Mohammad Ali Atassi is a Syrian journalist, documentary filmmaker, and human rights activist currently living in Beirut. After receiving a DEA in history at Sorbonne Paris IV, Atassi returned to Syria and, since 2000, has been writing for several Arab and international newspapers on dissidents and human rights violations in his country. Atassi’s previous documentaries include Ibn al Am (2001), about the Syrian dissident Riad al-Turk, and Waiting for Abu Zaid (2010), about the Egyptian religious scholar. Our Terrible Country, co- directed with Ziad Homsi, won the Grand Prize of the International Competition at the Marseille Festival of Documentary Film in 2014.
Sinan Antoon is an Iraqi-born poet, novelist, translator, and filmmaker, and Associate Professor at the Gallatin School at New York University. He is the author of a number of books, including the poetry collection, The Baghdad Blues, and the novel, l’jaam: An Iraqi Rhapsody, as well as scholarly publications on the poetry of Mahmoud Darwish, Sargon Boulus, and contemporary Iraqi culture.

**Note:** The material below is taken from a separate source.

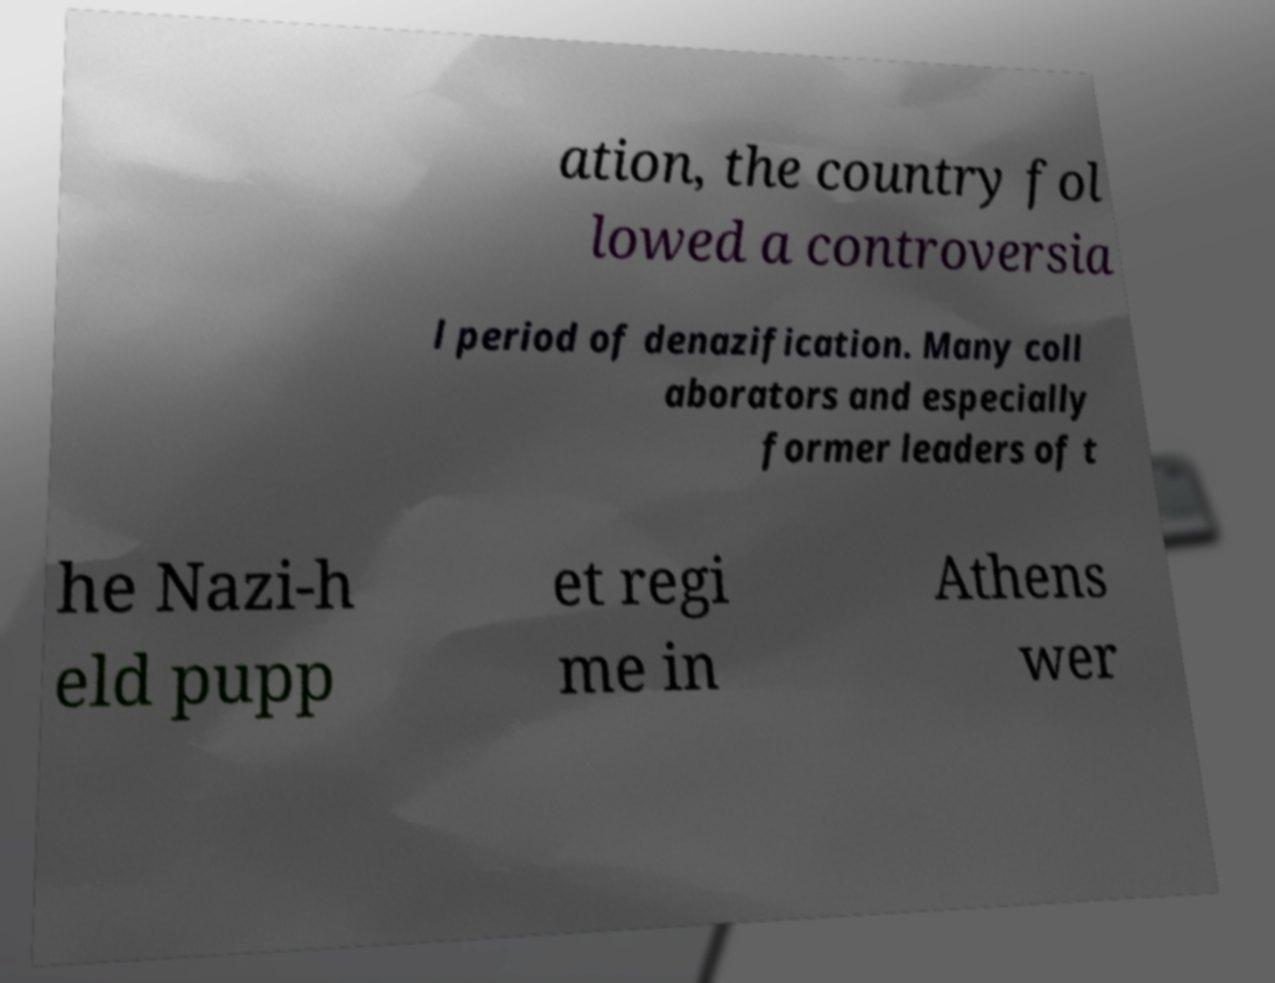Could you extract and type out the text from this image? ation, the country fol lowed a controversia l period of denazification. Many coll aborators and especially former leaders of t he Nazi-h eld pupp et regi me in Athens wer 
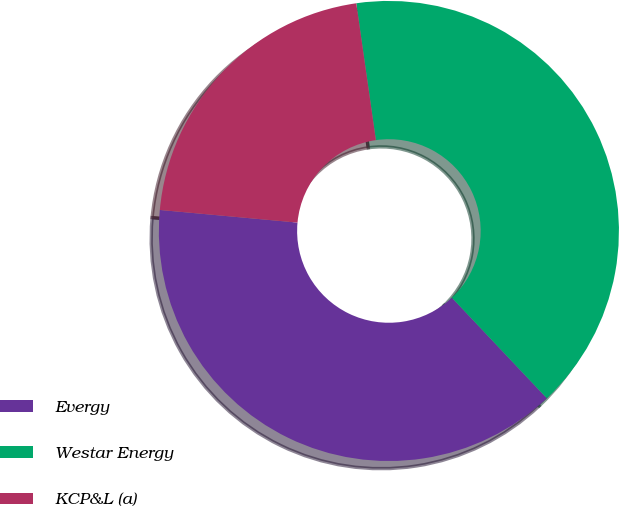<chart> <loc_0><loc_0><loc_500><loc_500><pie_chart><fcel>Evergy<fcel>Westar Energy<fcel>KCP&L (a)<nl><fcel>38.5%<fcel>40.22%<fcel>21.28%<nl></chart>

Antoon returned to Baghdad in 2003 as a member of InCounter Productions to co-direct a documentary, About Baghdad, on the lives of Iraqis in a post-Saddam-occupied Iraq.
Ziad Homsi is a Syrian photojournalist, documentary filmmaker, and human rights activist. His photographs have been shown in various exhibitions across Europe. In 2012, Homsi directed a short documentary, Oh Douma, on the security crackdown and massacres inflicted on the residents of the city of Douma by Syrian security forces. He has been actively involved in militant actions during the Syrian Civil War. Homsi was kidnapped by ISIS forces while returning to the Damascus suburbs from Turkey in October 2013; he was released after a month of captivity.